** Dataset records follows **
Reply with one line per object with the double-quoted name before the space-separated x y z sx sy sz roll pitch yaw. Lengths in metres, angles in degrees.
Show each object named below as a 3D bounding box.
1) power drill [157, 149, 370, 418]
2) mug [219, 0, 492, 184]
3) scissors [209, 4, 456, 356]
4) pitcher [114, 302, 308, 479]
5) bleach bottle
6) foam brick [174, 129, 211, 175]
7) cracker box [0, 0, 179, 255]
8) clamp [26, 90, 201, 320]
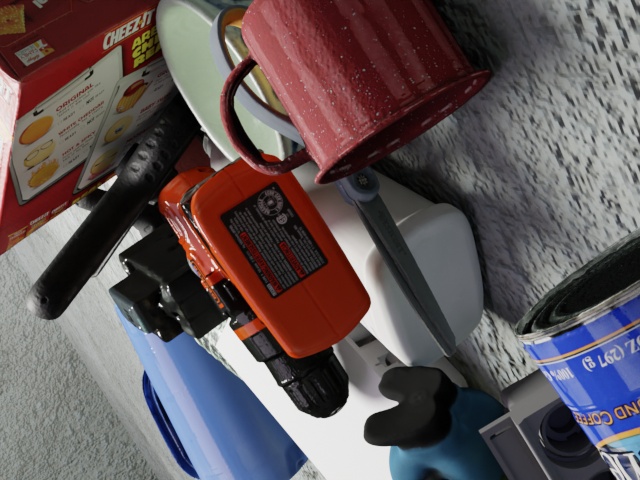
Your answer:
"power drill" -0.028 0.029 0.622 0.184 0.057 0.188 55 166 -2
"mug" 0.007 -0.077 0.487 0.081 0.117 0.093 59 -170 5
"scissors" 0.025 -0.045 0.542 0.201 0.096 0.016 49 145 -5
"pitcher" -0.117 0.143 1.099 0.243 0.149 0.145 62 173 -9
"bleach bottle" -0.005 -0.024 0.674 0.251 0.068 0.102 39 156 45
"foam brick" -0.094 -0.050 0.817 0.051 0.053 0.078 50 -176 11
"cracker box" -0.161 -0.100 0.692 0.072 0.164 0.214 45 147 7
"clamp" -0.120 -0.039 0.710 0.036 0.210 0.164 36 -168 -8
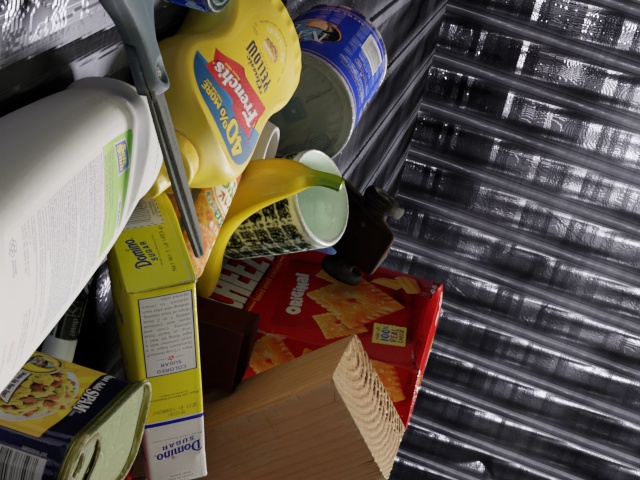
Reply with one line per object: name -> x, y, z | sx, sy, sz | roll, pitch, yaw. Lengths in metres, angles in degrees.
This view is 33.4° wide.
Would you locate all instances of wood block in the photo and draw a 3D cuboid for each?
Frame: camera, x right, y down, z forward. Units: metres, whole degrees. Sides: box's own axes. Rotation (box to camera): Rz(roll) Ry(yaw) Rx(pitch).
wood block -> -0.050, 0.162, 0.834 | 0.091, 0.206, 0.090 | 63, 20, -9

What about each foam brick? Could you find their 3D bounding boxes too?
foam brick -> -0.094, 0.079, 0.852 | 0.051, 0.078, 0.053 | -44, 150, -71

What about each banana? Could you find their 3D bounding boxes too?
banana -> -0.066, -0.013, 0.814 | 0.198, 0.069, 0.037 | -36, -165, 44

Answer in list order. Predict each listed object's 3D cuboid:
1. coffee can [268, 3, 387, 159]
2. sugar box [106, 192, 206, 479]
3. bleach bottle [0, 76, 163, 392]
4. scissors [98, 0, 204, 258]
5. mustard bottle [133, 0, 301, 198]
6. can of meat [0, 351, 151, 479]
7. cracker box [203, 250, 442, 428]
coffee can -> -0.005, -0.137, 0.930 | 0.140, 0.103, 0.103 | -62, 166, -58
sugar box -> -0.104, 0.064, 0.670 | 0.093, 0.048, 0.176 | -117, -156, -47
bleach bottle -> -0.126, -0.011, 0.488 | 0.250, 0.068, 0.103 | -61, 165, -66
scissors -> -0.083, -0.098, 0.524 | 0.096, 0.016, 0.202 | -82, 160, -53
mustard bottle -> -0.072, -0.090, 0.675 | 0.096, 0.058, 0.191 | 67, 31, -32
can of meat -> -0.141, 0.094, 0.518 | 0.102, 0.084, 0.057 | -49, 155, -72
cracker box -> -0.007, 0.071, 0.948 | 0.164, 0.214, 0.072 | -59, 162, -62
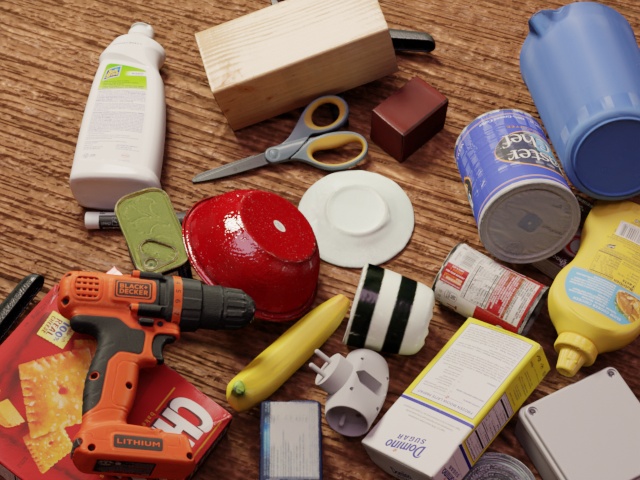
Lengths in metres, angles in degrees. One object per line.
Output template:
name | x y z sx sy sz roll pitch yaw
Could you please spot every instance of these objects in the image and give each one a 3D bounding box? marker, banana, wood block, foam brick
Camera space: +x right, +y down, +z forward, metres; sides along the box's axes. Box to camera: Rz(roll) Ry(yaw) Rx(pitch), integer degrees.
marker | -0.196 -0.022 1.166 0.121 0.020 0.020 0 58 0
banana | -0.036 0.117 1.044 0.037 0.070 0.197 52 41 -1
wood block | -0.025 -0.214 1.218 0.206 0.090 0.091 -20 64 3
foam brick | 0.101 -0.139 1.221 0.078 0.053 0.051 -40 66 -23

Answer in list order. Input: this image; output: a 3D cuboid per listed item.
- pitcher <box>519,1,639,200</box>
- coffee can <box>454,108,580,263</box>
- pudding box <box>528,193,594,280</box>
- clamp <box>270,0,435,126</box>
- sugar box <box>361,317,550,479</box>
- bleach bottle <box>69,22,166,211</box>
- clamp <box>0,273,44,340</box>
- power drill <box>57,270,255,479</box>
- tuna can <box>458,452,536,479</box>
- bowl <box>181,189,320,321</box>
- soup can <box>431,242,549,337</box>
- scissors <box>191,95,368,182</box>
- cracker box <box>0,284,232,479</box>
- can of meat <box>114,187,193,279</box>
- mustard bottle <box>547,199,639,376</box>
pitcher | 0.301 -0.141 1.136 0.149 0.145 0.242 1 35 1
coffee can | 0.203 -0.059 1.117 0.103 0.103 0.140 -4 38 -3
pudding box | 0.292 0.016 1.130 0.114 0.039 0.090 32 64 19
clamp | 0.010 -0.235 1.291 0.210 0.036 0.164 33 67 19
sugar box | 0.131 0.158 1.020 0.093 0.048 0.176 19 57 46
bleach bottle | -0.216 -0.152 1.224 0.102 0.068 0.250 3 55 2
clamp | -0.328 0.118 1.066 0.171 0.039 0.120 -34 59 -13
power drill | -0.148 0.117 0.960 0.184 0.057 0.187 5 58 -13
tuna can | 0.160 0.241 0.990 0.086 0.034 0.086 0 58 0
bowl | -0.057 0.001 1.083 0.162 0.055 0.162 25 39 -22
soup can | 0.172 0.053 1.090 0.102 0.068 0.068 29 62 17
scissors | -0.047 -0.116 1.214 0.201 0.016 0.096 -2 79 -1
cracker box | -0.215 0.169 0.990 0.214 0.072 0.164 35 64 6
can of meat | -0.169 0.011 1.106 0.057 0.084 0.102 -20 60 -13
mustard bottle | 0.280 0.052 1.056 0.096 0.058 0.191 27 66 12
** End of Dataset records **
■ **Task item**
In the entries above, take the line containing "- scissors <box>191,95,368,182</box>" and each later line through the last, and repeat them exactly. Output nothing else.

■ **Task output**
- scissors <box>191,95,368,182</box>
- cracker box <box>0,284,232,479</box>
- can of meat <box>114,187,193,279</box>
- mustard bottle <box>547,199,639,376</box>
pitcher | 0.301 -0.141 1.136 0.149 0.145 0.242 1 35 1
coffee can | 0.203 -0.059 1.117 0.103 0.103 0.140 -4 38 -3
pudding box | 0.292 0.016 1.130 0.114 0.039 0.090 32 64 19
clamp | 0.010 -0.235 1.291 0.210 0.036 0.164 33 67 19
sugar box | 0.131 0.158 1.020 0.093 0.048 0.176 19 57 46
bleach bottle | -0.216 -0.152 1.224 0.102 0.068 0.250 3 55 2
clamp | -0.328 0.118 1.066 0.171 0.039 0.120 -34 59 -13
power drill | -0.148 0.117 0.960 0.184 0.057 0.187 5 58 -13
tuna can | 0.160 0.241 0.990 0.086 0.034 0.086 0 58 0
bowl | -0.057 0.001 1.083 0.162 0.055 0.162 25 39 -22
soup can | 0.172 0.053 1.090 0.102 0.068 0.068 29 62 17
scissors | -0.047 -0.116 1.214 0.201 0.016 0.096 -2 79 -1
cracker box | -0.215 0.169 0.990 0.214 0.072 0.164 35 64 6
can of meat | -0.169 0.011 1.106 0.057 0.084 0.102 -20 60 -13
mustard bottle | 0.280 0.052 1.056 0.096 0.058 0.191 27 66 12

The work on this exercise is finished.